The dog trotted at his side until the boy pointed and urged, Swim.
Pete galloped toward the dock, scattering gulls and terns. He vaulted high into the air, crashed down with a splash, and resurfaced, spouting water from his nose.
The boy was surprised to find Maribel waiting for him on the steps to the laboratory.
“You’re just in time,” she said. “Detective Miller went to get something out of his car. My mother gave him permission to speak to us, and Hannah did, too. Luke … where have you been?”
“Cripes, you mean he’s still here? He’s mad about me being late, I suppose.” Luke, who was seldom late, had intentionally tried to avoid this meeting, and the Tampa 10 TV News. “How’d it go?”
“The interview? Fine,” Maribel said. “Don’t worry about that now. He isn’t mad, just concerned. The shark poacher hates us. That’s probably why he’s causing all this trouble about the dog. But the police can’t take sides. They have a job to do. Luke”—the girl looked into his eyes—“the detective said he needs more proof that what we said is true. I think he came here because he wants to help.”
“Came to arrest me, more likely,” Luke scowled. His attention moved from the dock to the lab. The biologist and his seaplane had yet to return. “Where’s Sabina?”
“Still with the TV crew from Tampa,” Maribel said. “She wrote a new poem. The reporter didn’t want to hear it, but the poor woman finally gave in. You know how pushy my sister can be. Anyway … I thought it was best if I come here alone. I was surprised to find the detective still waiting for you.”
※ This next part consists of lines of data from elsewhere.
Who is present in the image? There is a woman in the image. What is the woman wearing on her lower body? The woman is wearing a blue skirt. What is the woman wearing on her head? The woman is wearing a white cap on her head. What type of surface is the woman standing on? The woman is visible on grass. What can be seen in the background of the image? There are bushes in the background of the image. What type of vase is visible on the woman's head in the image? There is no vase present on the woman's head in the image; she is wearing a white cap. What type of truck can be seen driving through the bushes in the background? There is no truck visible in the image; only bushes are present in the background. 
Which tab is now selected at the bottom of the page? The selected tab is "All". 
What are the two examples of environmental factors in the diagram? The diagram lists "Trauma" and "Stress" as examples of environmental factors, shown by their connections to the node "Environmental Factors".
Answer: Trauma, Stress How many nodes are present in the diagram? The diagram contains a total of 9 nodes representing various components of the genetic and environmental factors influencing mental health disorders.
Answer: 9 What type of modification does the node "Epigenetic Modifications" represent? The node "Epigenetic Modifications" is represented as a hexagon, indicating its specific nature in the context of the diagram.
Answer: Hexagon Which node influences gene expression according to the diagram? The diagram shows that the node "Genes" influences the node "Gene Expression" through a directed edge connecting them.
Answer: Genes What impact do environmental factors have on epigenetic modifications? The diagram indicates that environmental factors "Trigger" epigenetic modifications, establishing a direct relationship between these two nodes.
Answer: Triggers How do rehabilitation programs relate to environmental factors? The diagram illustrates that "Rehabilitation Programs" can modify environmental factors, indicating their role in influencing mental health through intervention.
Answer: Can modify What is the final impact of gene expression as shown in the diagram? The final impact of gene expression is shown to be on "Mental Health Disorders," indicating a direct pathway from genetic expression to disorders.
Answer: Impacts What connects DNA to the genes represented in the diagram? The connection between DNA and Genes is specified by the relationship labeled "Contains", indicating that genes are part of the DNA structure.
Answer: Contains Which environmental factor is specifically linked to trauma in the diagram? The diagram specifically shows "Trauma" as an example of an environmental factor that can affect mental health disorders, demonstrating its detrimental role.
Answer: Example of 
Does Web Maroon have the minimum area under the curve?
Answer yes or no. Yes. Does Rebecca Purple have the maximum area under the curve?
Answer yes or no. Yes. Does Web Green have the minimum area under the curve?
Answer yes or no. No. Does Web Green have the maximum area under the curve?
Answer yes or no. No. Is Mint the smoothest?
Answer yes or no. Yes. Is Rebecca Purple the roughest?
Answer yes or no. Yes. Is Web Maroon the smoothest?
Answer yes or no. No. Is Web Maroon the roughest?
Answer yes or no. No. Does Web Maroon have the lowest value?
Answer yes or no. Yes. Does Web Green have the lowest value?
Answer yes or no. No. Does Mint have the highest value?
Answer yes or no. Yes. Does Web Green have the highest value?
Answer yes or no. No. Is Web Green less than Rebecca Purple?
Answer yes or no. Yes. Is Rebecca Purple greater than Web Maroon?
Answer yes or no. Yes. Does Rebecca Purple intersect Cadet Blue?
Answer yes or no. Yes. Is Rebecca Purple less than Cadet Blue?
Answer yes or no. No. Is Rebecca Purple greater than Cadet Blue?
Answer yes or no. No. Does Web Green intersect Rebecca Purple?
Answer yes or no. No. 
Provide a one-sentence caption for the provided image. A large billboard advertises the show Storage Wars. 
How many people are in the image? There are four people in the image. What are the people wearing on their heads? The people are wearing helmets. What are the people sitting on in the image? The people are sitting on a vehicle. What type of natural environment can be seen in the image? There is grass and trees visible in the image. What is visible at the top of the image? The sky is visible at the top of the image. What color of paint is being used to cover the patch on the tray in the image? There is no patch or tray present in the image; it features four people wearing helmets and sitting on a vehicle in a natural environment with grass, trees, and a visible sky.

Luke looked toward the path to the parking lot. “Probably went to his car to get handcuffs, you think?
“No,” the girl said gently. “He said he has something he wants us to see. Me too, I guess. But he wanted you to be here.”
Maribel hesitated, then did something that, for her, was bold. She stood and, before the boy could pull away, gave him a reassuring hug. “We’re all in this together,” sh
e said. “Sabina and I talked about it. We aren’t going to let you take the blame for something we all did. Besides, I was in charge of the boat that night.”
“Blame for what? We told the truth.” Luke said this in a flat tone without emotion. But the way he looked into Maribel’s dark, bright eyes communicated a secret they shared. “The pit bull got struck by lightning. She stopped breathing, and we did our best to save her. And that jerk didn’t even come back to bury her.” The boy turned away, adding, “I suppose now he wants to dig up her grave, huh? The police believed us—until today. I wonder what happened?”
The girl started to respond, then whispered, “Quiet. Here he comes.”
The bulky silhouette of the detective came down the path toward them.
TWENTY-FOUR
FORTUNE AND A SPIKED COLLAR
When the detective returned from his car, he handed Maribel and Luke the front page from the island newspaper.
“This won’t be out until tomorrow,” the detective said, “so I had the editor slip me a couple of copies. I thought you might like to have them framed. What do you think? I picked them up on the way here.”
Luke, who had been expecting handcuffs, looked over Maribel’s shoulder. Together, they read the headline at the top of the page:
Police Credit Kids for Busting International Fin Ring
Detective Apologizes, says $50,000 Reward on Its Way
Maribel felt a little dizzy. She knew the reward was a possibility but hadn’t allowed herself to think about it.
Luke looked up at the detective “You apologized? Why? We’re not mad at you.”
“You should be,” the detective said. “Especially Maribel and her little sister. I was so sure you kids were … well, exaggerating. I felt like an idiot when I finally saw the video you shot. That took a heck of a lot of courage, young lady. Quick thinking, too.”